Went to Lowes & then Home Depot...Saw some 75Watt - 90Watt Outdoor Halogen Flood Lights as well as some 250Watt Heat lights/lamp. My questions is this: What's the difference? Should I get the heat lamp? I already have a T8 fixture and tube for UVB on order. Right now I am trying to figure out which bulb I should get...


----------



## Tom (Nov 10, 2018)

Don't use halogens and 250 watts is way too much. For most applications I use 65 watt flood bulbs. Phillips or Sylvania usually. Costs about $12 for a 12 pack or $8 for a six pack. Just regular flood bulbs.


----------



## ZEROPILOT (Nov 10, 2018)

I suppose it would also depend on the species of tortoise and layout of the enclosure?


----------



## pguinpro (Nov 11, 2018)

I tried the 65watt indoor flood and was getting low temps 12' from basking spot. I returned it and got the Phillips Indoor/Outdoor 75Watt Flood Light, it's not LED so I assume it's Halogen. Here's the link:

https://www.homedepot.com/p/Philips...VV0Mwa_fwegPQB-IBC4aAn9LEALw_wcB&gclsrc=aw.ds


----------



## pguinpro (Nov 11, 2018)

Tom said:


> Don't use halogens and 250 watts is way too much. For most applications I use 65 watt flood bulbs. Phillips or Sylvania usually. Costs about $12 for a 12 pack or $8 for a six pack. Just regular flood bulbs.


 Why not halogens? Everything on the shelves was either halogen or led & from what I hear LED do not produce enough heat.


----------



## Tom (Nov 11, 2018)

pguinpro said:


> Why not halogens? Everything on the shelves was either halogen or led & from what I hear LED do not produce enough heat.


The halogens make more IR-A which desiccates the shell more. I use the regular 65watt ones and adjust the height to get the correct basking temp. If the room temp is too cold, then I would raise ambient temps before going to a higher wattage bulb.


----------



## pguinpro (Nov 11, 2018)

Tom said:


> The halogens make more IR-A which desiccates the shell more.

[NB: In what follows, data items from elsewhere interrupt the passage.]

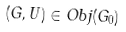<formula> <loc_0><loc_0><loc_500><loc_500>( G , U ) \in O b j ( G _ { 0 } )</formula> 
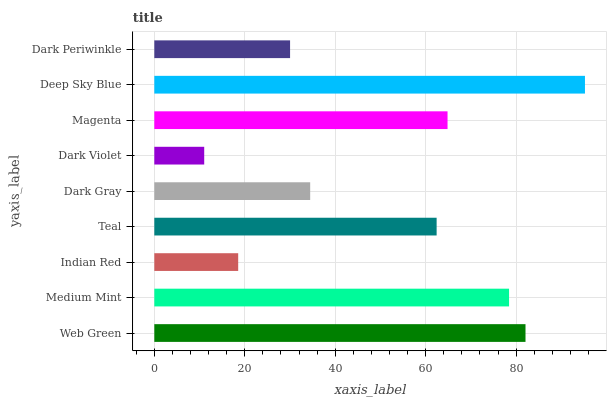Is Dark Violet the minimum?
Answer yes or no. Yes. Is Deep Sky Blue the maximum?
Answer yes or no. Yes. Is Medium Mint the minimum?
Answer yes or no. No. Is Medium Mint the maximum?
Answer yes or no. No. Is Web Green greater than Medium Mint?
Answer yes or no. Yes. Is Medium Mint less than Web Green?
Answer yes or no. Yes. Is Medium Mint greater than Web Green?
Answer yes or no. No. Is Web Green less than Medium Mint?
Answer yes or no. No. Is Teal the high median?
Answer yes or no. Yes. Is Teal the low median?
Answer yes or no. Yes. Is Web Green the high median?
Answer yes or no. No. Is Medium Mint the low median?
Answer yes or no. No. 
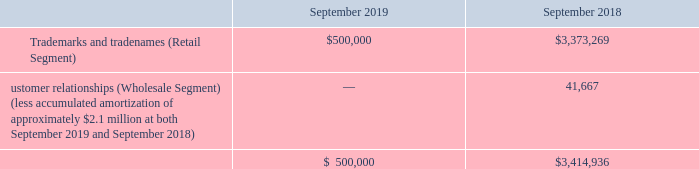Other intangible assets at fiscal year ends 2019 and 2018 consisted of the following:
Goodwill, trademarks and tradenames are considered to have indefinite useful lives and therefore no amortization has been taken on these assets. The Company’s retail reporting unit recorded intangible asset (trademarks and tradenames) impairment charges of approximately $2.9 million during fiscal 2019 and goodwill impairment charges of approximately $1.9 million during fiscal 2018 when it was determined that the carrying values of these assets exceeded their fair values. These impairment charges arose from a range of considerations including, but not limited to, heightened competition in the industry, retail sector market conditions, and earning shortfalls which impacted the Company’s projections of future cash flows to be generated. These impairment charges were recorded in the Company’s consolidated statement of operations as a component of operating income.
Goodwill recorded on the Company’s consolidated balance sheet represents amounts allocated to its wholesale reporting unit which totaled $4.4 million at both September 2019 and September 2018. The Company determined that the estimated fair value of its wholesale reporting unit exceeded its carrying value at both September 2019 and September 2018.
What does goodwill recorded on the Company’s consolidated balance sheet represent? Represents amounts allocated to its wholesale reporting unit. What are the respective intangible asset impairment charges during fiscal 2018 and 2019? $1.9 million, $2.9 million. What are the respective trademarks and tradenames at the end of fiscal year 2018 and 2019? $3,373,269, $500,000. What is the percentage change in the value of the company's trademarks and tradenames between 2018 and 2019?
Answer scale should be: percent. (500,000 - 3,373,269)/3,373,269 
Answer: -85.18. What is the percentage change in the value of company's customer relationships between 2018 and 2019?
Answer scale should be: percent. (0 - 41,667)/41,667 
Answer: -100. What is the value of the company's trademarks and tradenames as a percentage of its total intangible assets in 2018?
Answer scale should be: percent. 3,373,269/3,414,936 
Answer: 98.78. 
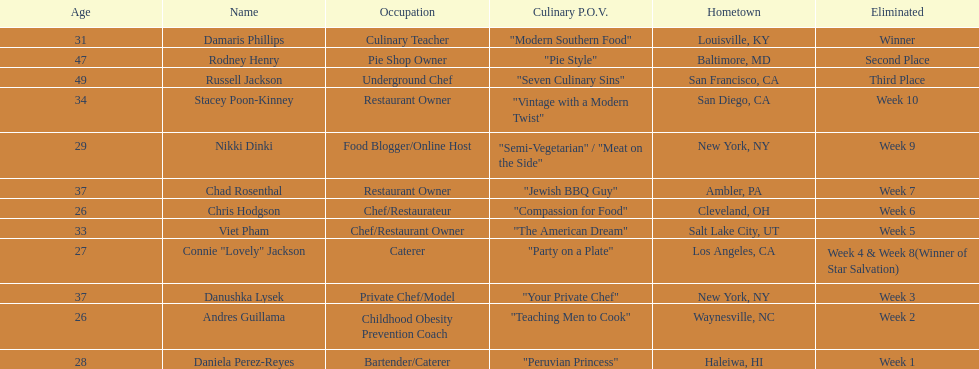Which participant's cooking perspective had a more extended explanation than "vintage with a contemporary twist"? Nikki Dinki. 
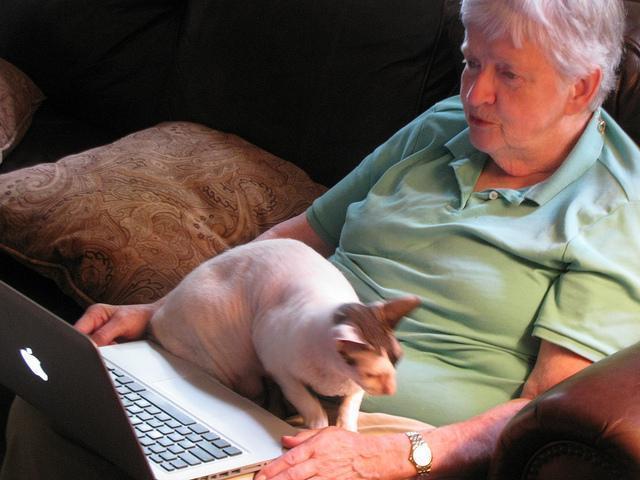How many couches are there?
Give a very brief answer. 2. 
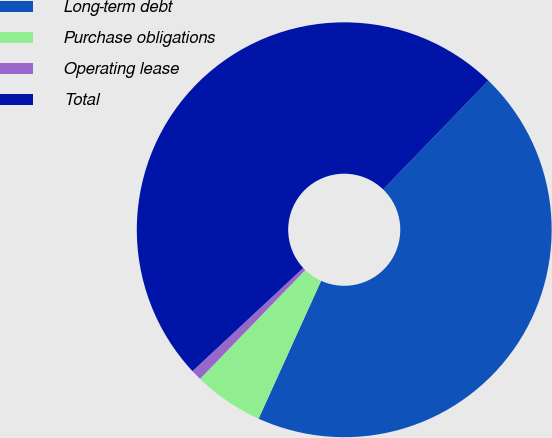Convert chart. <chart><loc_0><loc_0><loc_500><loc_500><pie_chart><fcel>Long-term debt<fcel>Purchase obligations<fcel>Operating lease<fcel>Total<nl><fcel>44.54%<fcel>5.46%<fcel>0.83%<fcel>49.17%<nl></chart> 
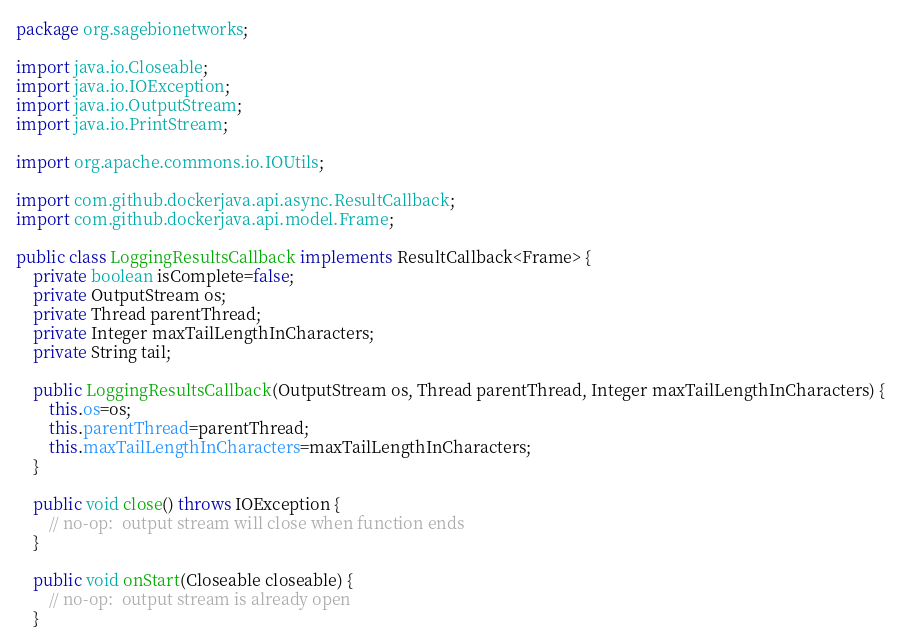<code> <loc_0><loc_0><loc_500><loc_500><_Java_>package org.sagebionetworks;

import java.io.Closeable;
import java.io.IOException;
import java.io.OutputStream;
import java.io.PrintStream;

import org.apache.commons.io.IOUtils;

import com.github.dockerjava.api.async.ResultCallback;
import com.github.dockerjava.api.model.Frame;

public class LoggingResultsCallback implements ResultCallback<Frame> {
	private boolean isComplete=false;
	private OutputStream os;
	private Thread parentThread;
	private Integer maxTailLengthInCharacters;
	private String tail;

	public LoggingResultsCallback(OutputStream os, Thread parentThread, Integer maxTailLengthInCharacters) {
		this.os=os;
		this.parentThread=parentThread;
		this.maxTailLengthInCharacters=maxTailLengthInCharacters;
	}

	public void close() throws IOException {
		// no-op:  output stream will close when function ends
	}

	public void onStart(Closeable closeable) {
		// no-op:  output stream is already open
	}
</code> 
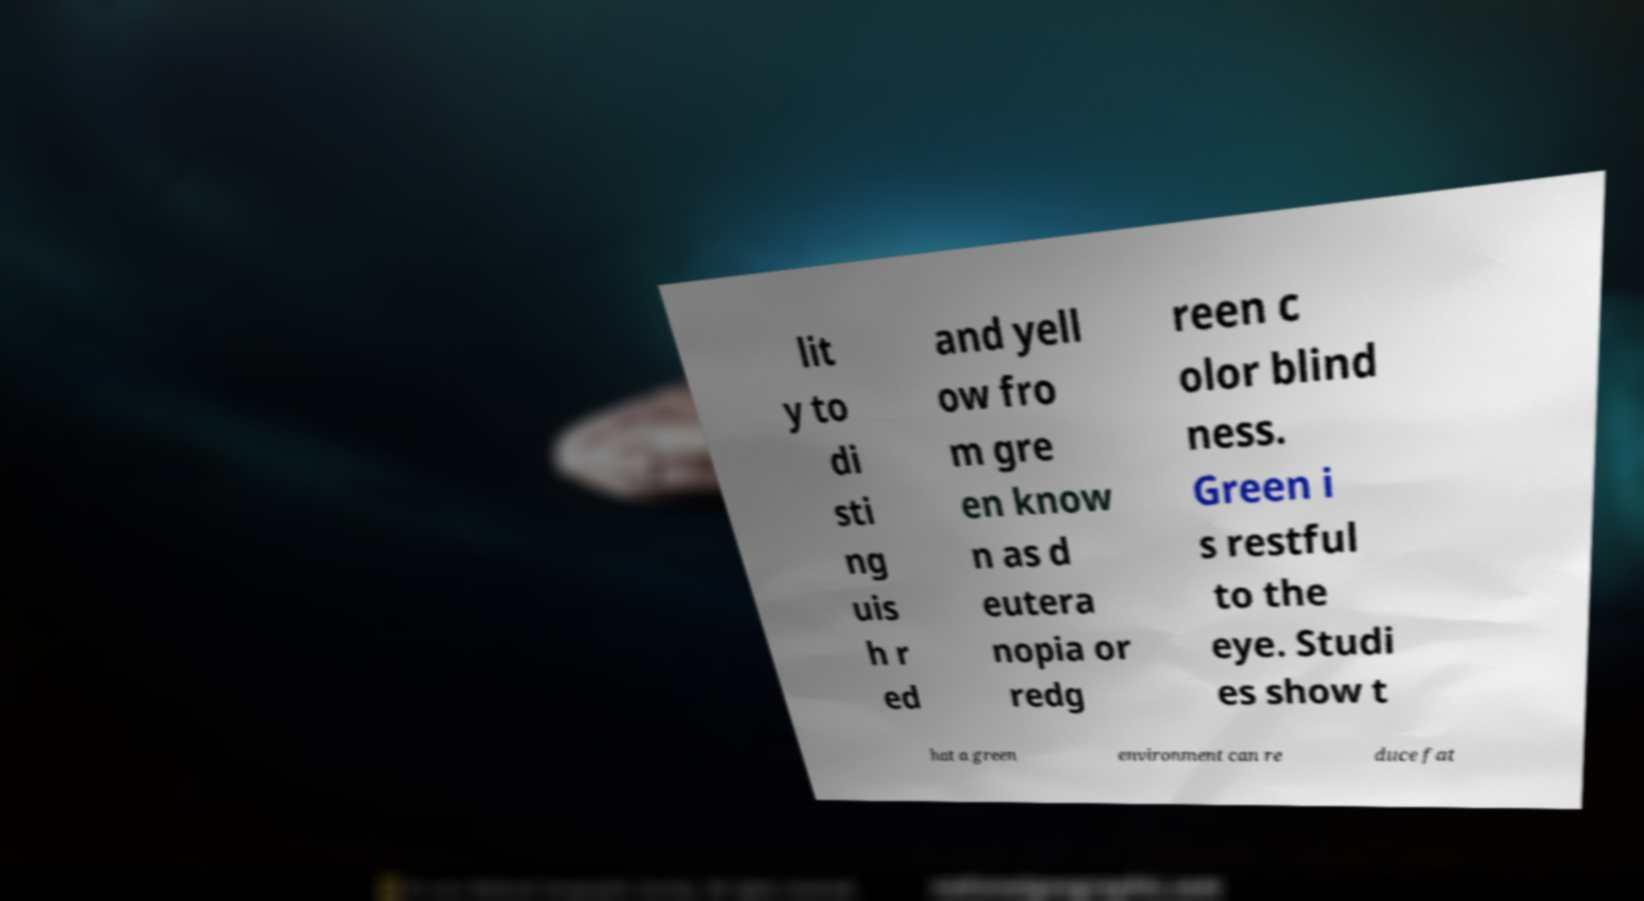For documentation purposes, I need the text within this image transcribed. Could you provide that? lit y to di sti ng uis h r ed and yell ow fro m gre en know n as d eutera nopia or redg reen c olor blind ness. Green i s restful to the eye. Studi es show t hat a green environment can re duce fat 
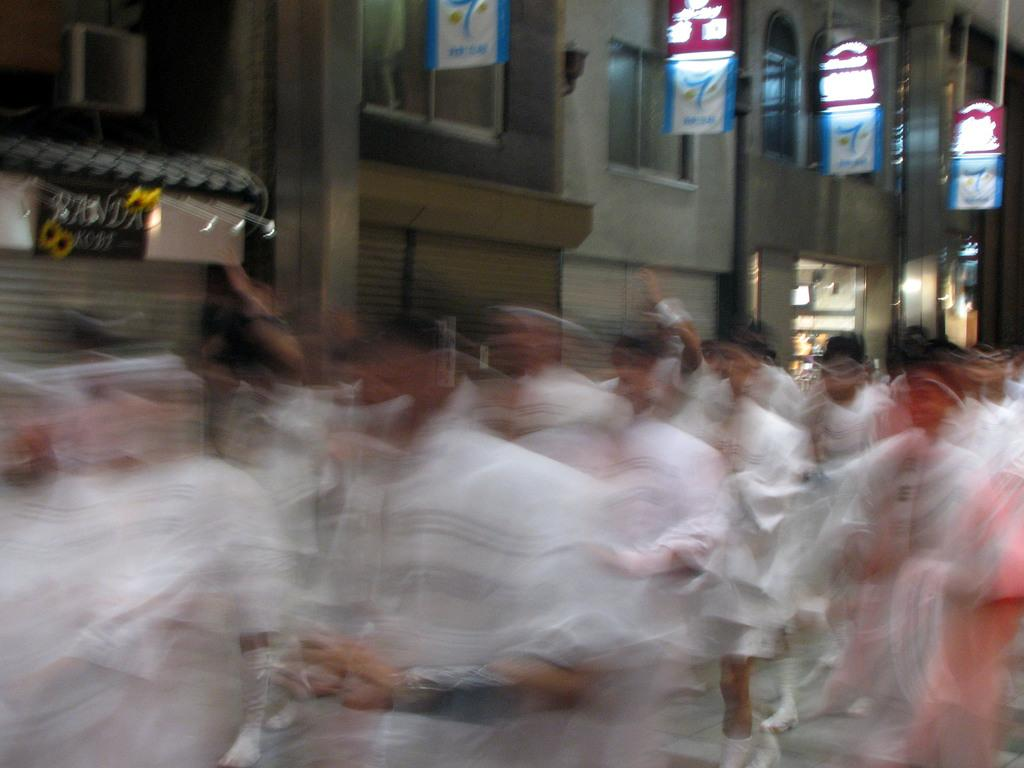What are the people in the image doing? The people in the image are walking. What structure can be seen in the image? There is a building in the image. What else is present in the image besides the people and the building? There are boards with text in the image. What type of quiver can be seen on the people's backs in the image? There is no quiver present on the people's backs in the image. How much money is being exchanged between the people in the image? There is no indication of money exchange in the image.

I use the regular 65watt ones and adjust the height to get the correct basking temp. If the room temp is too cold, then I would raise ambient temps before going to a higher wattage bulb.


'Regular 65watt flood' so incandescent or LED?


----------



## Tom (Nov 11, 2018)

pguinpro said:


> 'Regular 65watt flood' so incandescent or LED?



LED makes no heat.

Regular incandescent flood bulb is what you need.

Like this: https://www.amazon.com/dp/B075CZ1BZZ/?tag=exoticpetnetw-20


----------



## Britannica (Nov 14, 2018)

I was having the same issue - 65 watt Phillips flood bulb was only reaching about mid 80s in basking spot (10 inches from shell). I couldn't find anything but LED at Lowe's and Home Depot and all of the halogen bulbs were 250 watt. I ended up giving up and just buying the Exo Terra 100 watt bulb (I think it was like $13) and basking temp is perfect now.


----------



## Tom (Nov 14, 2018)

Britannica said:


> I was having the same issue - 65 watt Phillips flood bulb was only reaching about mid 80s in basking spot (10 inches from shell). I couldn't find anything but LED at Lowe's and Home Depot and all of the halogen bulbs were 250 watt. I ended up giving up and just buying the Exo Terra 100 watt bulb (I think it was like $13) and basking temp is perfect now.


Just make sure it is not a "spot" bulb.


----------